I've often heard that claim but I've never seen good data to back it up. I have/had 5D3, 5D4 and 1DX(1), and I've never felt difference in af speed. AF accuracy yes. AF speed no.

But I don't have big whites, I wonder if those do faster AF on 1d bodies?

So do you have actual measurement data to show it actually happens with all lenses?


----------



## cpsico (Jan 2, 2017)

I have both he 6d and the 5d IV , the auto focus on the 5div is remarkable. Much better than my 1ds mark III. It takes a little bit of time to get used. Make use of the touch screen for menus, consider extra batteries, maybe a battery grip if you really want to shoot for extended periods. It's a wonderful camera. Video auto focus works perfectly as does live view.


----------



## tpatana (Jan 2, 2017)

cpsico said:


> I have both he 6d and the 5d IV , the auto focus on the 5div is remarkable. Much better than my 1ds mark III. It takes a little bit of time to get used. Make use of the touch screen for menus, consider extra batteries, maybe a battery grip if you really want to shoot for extended periods. It's a wonderful camera. Video auto focus works perfectly as does live view.

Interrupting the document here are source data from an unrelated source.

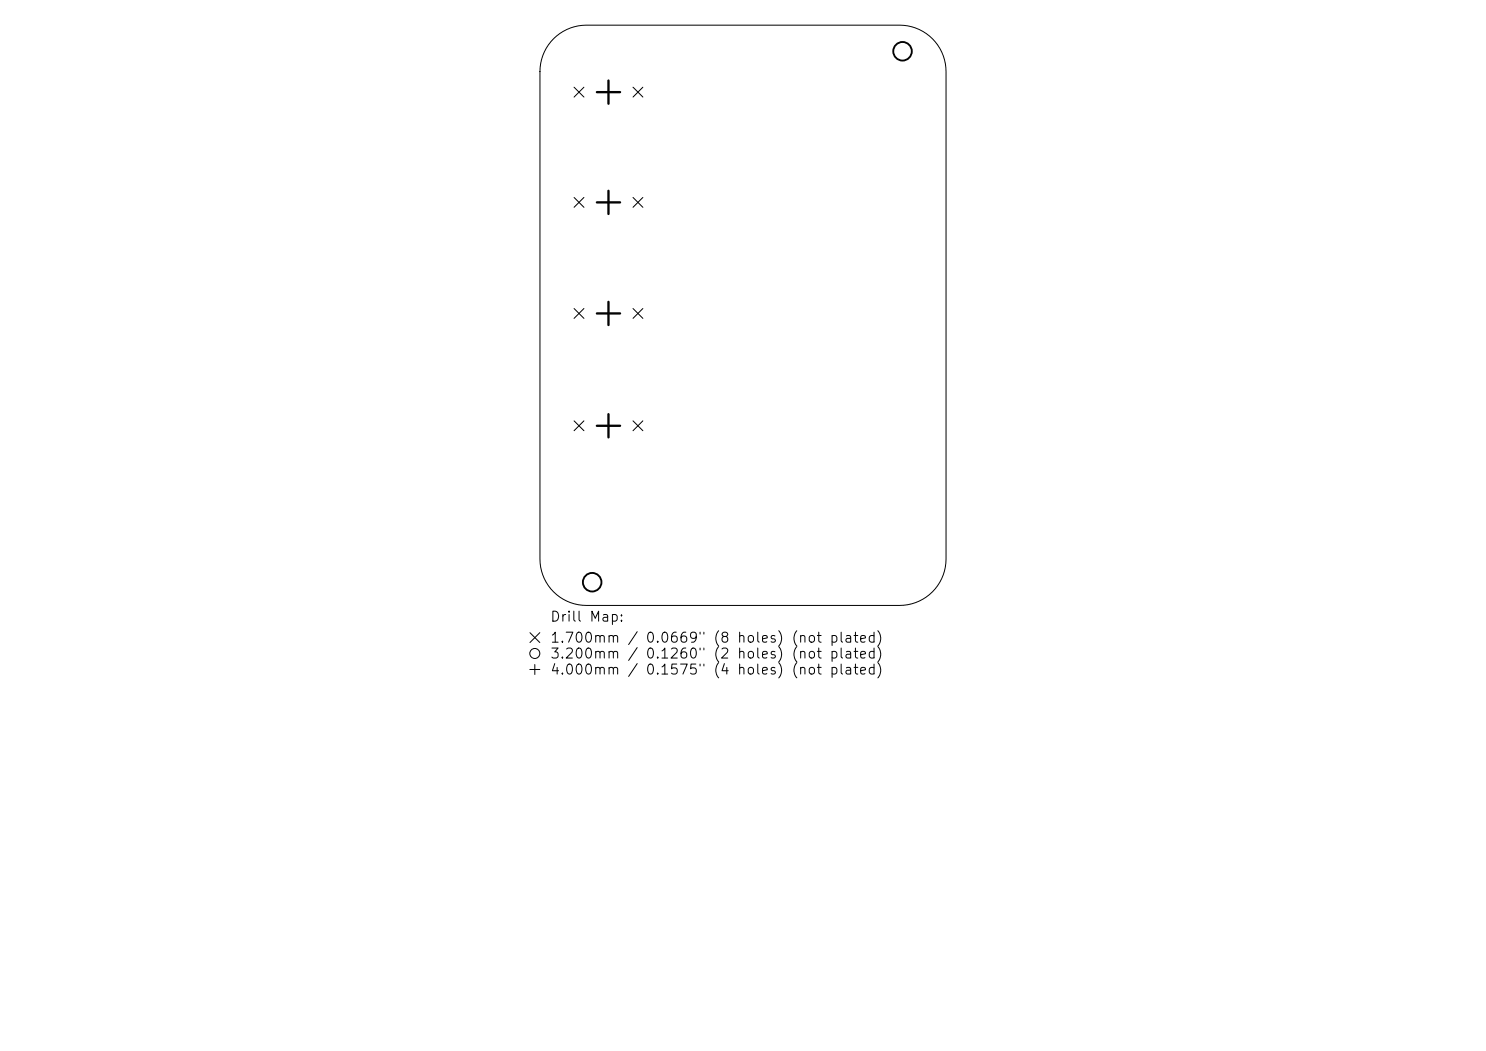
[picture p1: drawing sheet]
<svg xmlns="http://www.w3.org/2000/svg" width="297mm" height="210mm" viewBox="0 0 297 210" stroke-linecap="round" stroke-linejoin="round" font-family="sans-serif">
<defs><g id="words">
<g font-size="2">
<text x="109.8" y="124.7">Drill Map:</text>
<text x="109.8" y="128.9">1.700mm / 0.0669&quot; (8 holes) (not plated)</text>
<text x="109.8" y="132.1">3.200mm / 0.1260&quot; (2 holes) (not plated)</text>
<text x="109.8" y="135.3">4.000mm / 0.1575&quot; (4 holes) (not plated)</text>
</g>
</g></defs>
<g fill="none" stroke="#000" stroke-width=".2">
<path d="M110.6 7.7a9.3 9.3 0 0 1 6.6-2.7h62.6a9.3 9.3 0 0 1 9.3 9.3v97.4a9.3 9.3 0 0 1-9.3 9.3h-62.6a9.3 9.3 0 0 1-9.3-9.3v-97.4a9.3 9.3 0 0 1 2.7-6.6zM114.7 17.4l2 2M116.7 17.4l-2 2M126.5 17.4l2 2M128.5 17.4l-2 2M114.7 39.5l2 1.9M116.7 39.5l-2 1.9M126.5 39.5l2 1.9M128.5 39.5l-2 1.9M114.7 61.6l2 2M116.7 61.6l-2 2M126.5 61.6l2 2"/>
<path d="M128.5 61.6l-2 2M114.7 84.1l2 2M116.7 84.1l-2 2M126.5 84.1l2 2M128.5 84.1l-2 2M105.9 133.8h2M105.9 126.4l2 2M106.9 132.8v2M107.9 126.4l-2 2"/>
<circle cx="106.9" cy="130.6" r="1"/>
</g>
<g fill="none" stroke="#000" stroke-width=".37">
<circle cx="180.4" cy="10.2" r="1.86"/>
<circle cx="118.4" cy="116.3" r="1.86"/>
</g>
<path d="M119.3 18.4h4.6M121.6 16.1v4.6M121.6 38.1v4.7M119.3 40.4h4.6M119.3 62.6h4.6M121.6 60.3v4.7M119.3 85.1h4.6M121.6 82.8v4.6" fill="none" stroke="#000" stroke-width=".46"/>
<use href="#words"/>
</svg>

I've done some video testing in challenging light conditions, and it works fairly well. Biggest problem is that it occasionally jumps to track something completely different than what I intended. Occasionally have to keep pressing the screen for new focus point to make sure it tracks correct subject.


----------



## Jack Douglas (Jan 2, 2017)

Mt Spokane Photography said:


> Instead of the machine gun approach, use single shot. Learn to anticipate your moving targets, I think you will like the results with your 6D. If you do want to use the machine gun approach, remember, you are asking the camera to acquire focus, take the shot, save it, and focus for the next shot. This is why a 1 series is the best choice. The higher battery voltage drives the lens AF motor slightly faster as well as allowing for the complex timing.
> 
> Personally, I've used 1 series for fast moving subjects, but reverted to 1 shot because I did not want to deal with hundreds of photos.
> 
> ...



Relative to fps I would only add that a lot of actions in nature/wildlife are totally unpredictable and 14 fps can pick up things you didn't even see (not that 7 can't but 4 1/2 did disappoint). Here is my example (AFMA still needs tuning), but I realize that some/many might say, who cares. That's an individual preference. If not for fps, I'd go 5D4. My path - 6D, 1D2 used, 1D4 used, 1DX2 and of course I'd have also preferred more MP's but alas ...
My costly solution was to move from the 300 2.8 II to the 400 DO II to get 800mm so my reach improved relative to previous 6D shooting.

Jack


----------



## sanj (Jan 2, 2017)

5d will fit the bill perfectly. No need for the 1d. Lighter package will work just as fine for you it seems. Buy a nice lens with the money saved.


----------



## Jack Douglas (Jan 2, 2017)

sanj said:


> 5d will fit the bill perfectly. No need for the 1d. Lighter package will work just as fine for you it seems. Buy a nice lens with the money saved.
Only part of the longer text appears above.